Isabel Hardman

The row over Chelsea’s AI garden

Will technology replace gardeners – or help them?

  • From Spectator Life
Designer Tom Massey in his 2023 garden at the RHS Chelsea Flower Show [Alamy]

The gardening world is a gentle, friendly place. Rows are rare, with disagreements creeping in softly like moss, not blowing up the way they do in politics. Everyone is quite nice to one another, almost to a fault. Which is why the row over Tom Massey’s AI garden at the Chelsea Flower Show is quite so striking.

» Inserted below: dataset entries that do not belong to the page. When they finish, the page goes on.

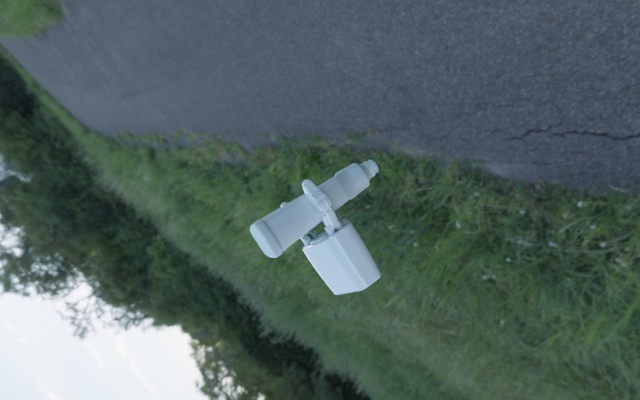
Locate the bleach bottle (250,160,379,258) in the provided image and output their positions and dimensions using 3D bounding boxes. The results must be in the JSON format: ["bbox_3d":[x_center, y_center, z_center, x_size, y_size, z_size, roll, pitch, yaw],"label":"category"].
[{"bbox_3d":[0.000,0.003,0.830,0.251,0.068,0.102,-34,3,-17],"label":"bleach bottle"}]
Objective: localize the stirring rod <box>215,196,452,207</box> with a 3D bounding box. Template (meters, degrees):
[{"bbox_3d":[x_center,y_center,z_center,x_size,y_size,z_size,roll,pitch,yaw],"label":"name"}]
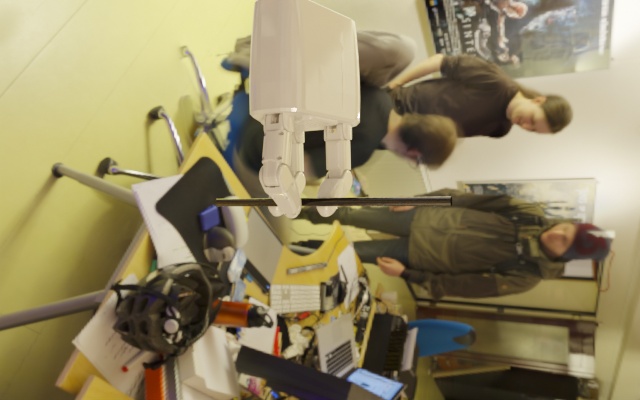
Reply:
[{"bbox_3d":[0.000,0.001,0.447,0.239,0.011,0.011,0,0,26],"label":"stirring rod"}]
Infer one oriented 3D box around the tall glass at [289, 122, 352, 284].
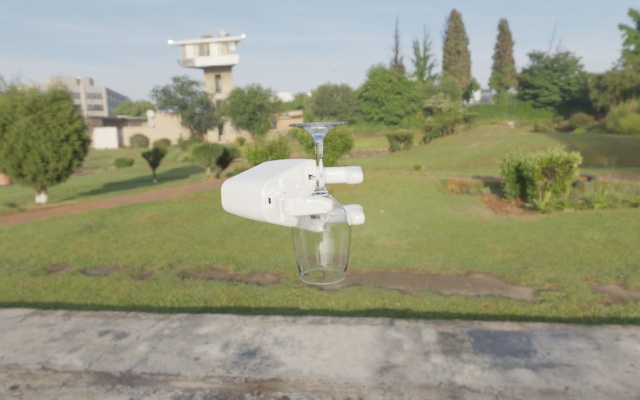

Since the line-up for the 2025 Royal Horticultural Society version of London Fashion Week was announced last week, gardeners have been absolutely and abnormally furious about the first shoots of AI appearing. Massey’s garden promises to be an ‘intelligent’ one, using AI trained on RHS plant data and advice to tell visitors how the plot is doing. Wireless sensors in the soil will measure moisture and nutrients and communicate the information to a computer, which will then be able to say what the garden needs: a bit more water or some pruning.

It is not easy to automate pruning a climbing rose, or working out how many self-sown Stipa tenuissima plants is just one too many in a planting scheme

At the press conference, journalists were amused by how long an existing RHS app called ‘ChatBotanist’ took to tell attendees when they should be planting tulip bulbs, and relieved to hear from Massey that it was him rather than a bot who had actually designed the garden.